Animals exhale many volatile organic compounds when they exhale, including methanol and acetone. Does that mean those compounds are by definition not pollution?
Are those compounds present because they come from the animal's metabolism, or just because they happened to be there in the environment and the animal inhaled or ingested them?
My understanding is that ketones produced by this process normally get excreted in the urine, not by being exhaled.
That said, since these are products of the animal's metabolism, I would not consider them pollution if they're just being exhaled into the surrounding air outdoors. If you bring your animal into my climate controlled clean room and have it exhale the compounds there, that would be different--but I doubt the EPA would be the first line of defense in regulating behavior of that sort.
Huh? The Congress that created the EPA granted that authority, which is why the EPA has had the court's full support for decades. It took an extremely partisan SCOTUS to invent an excuse to say the opposite.

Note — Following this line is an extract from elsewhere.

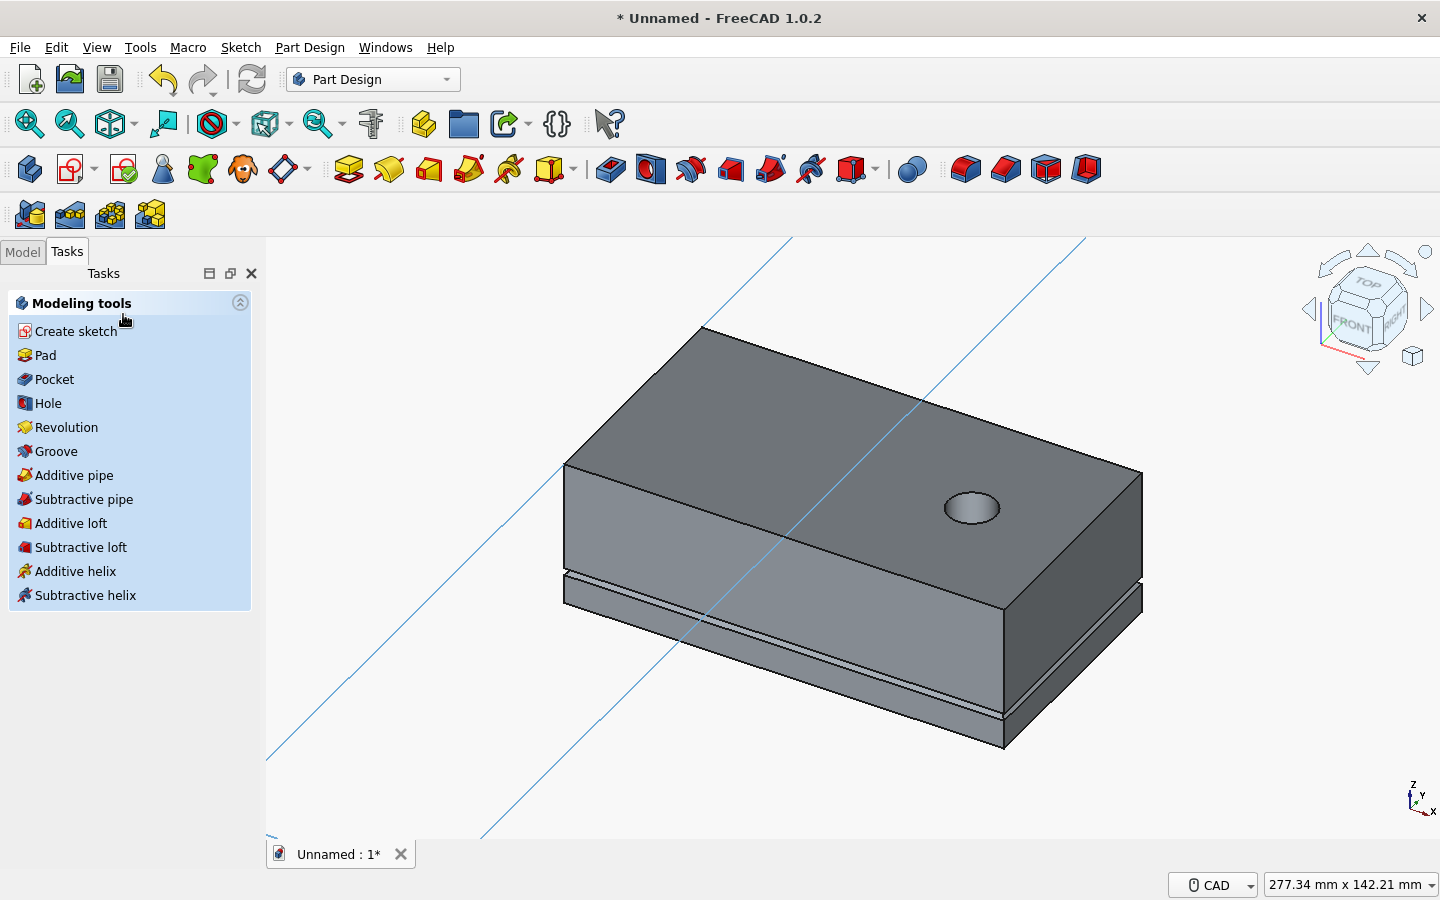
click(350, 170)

Call them partisan all you'd like, SCOTUS has the authority to make the determination of whether or not the EPA had such authority.
Meaning, you can claim they are bias, but the EPA still doesn't have said authority.
Nothing you, I or any pundit says will change that. At least until congress grants it said authority. Which as SCOTUS pointed out, congress tried to do, but congress didn't pass the legislation. Now.. why would congress try to pass legislation if the EPA already had said authority?
Or until the Court is packed, or until someone shoots up members of the Court, or whatever.
You're arguing for simply the ability to execute the will to power being the determinant of whether something is right or not. Which is entirely your prerogative, but you should be aware of what you're signing up for.
> It said congress didn't authorize this, ask them.
They did. The House and Senate passed different language, and it never got reconciled.
"The first related to an oversight during the reconciliation of the Clean Air Act amendment in 1990 that resulted in the House and Senate versions of § 7411(d) to never be reconciled, and both versions were codified into the signed law. The House version had stated that because other parts of the Clean Air Act had covered regulation of carbon dioxide, the EPA could not use § 7411(d) to cover carbon dioxide emissions from existing plants, while the Senate version allowed for § 7411(d) to overlap carbon dioxide emissions coverage." - https://en.wikipedia.org/wiki/West_Virginia_v._EPA
Due to a fuckup, SCOTUS got to pick the side they preferred.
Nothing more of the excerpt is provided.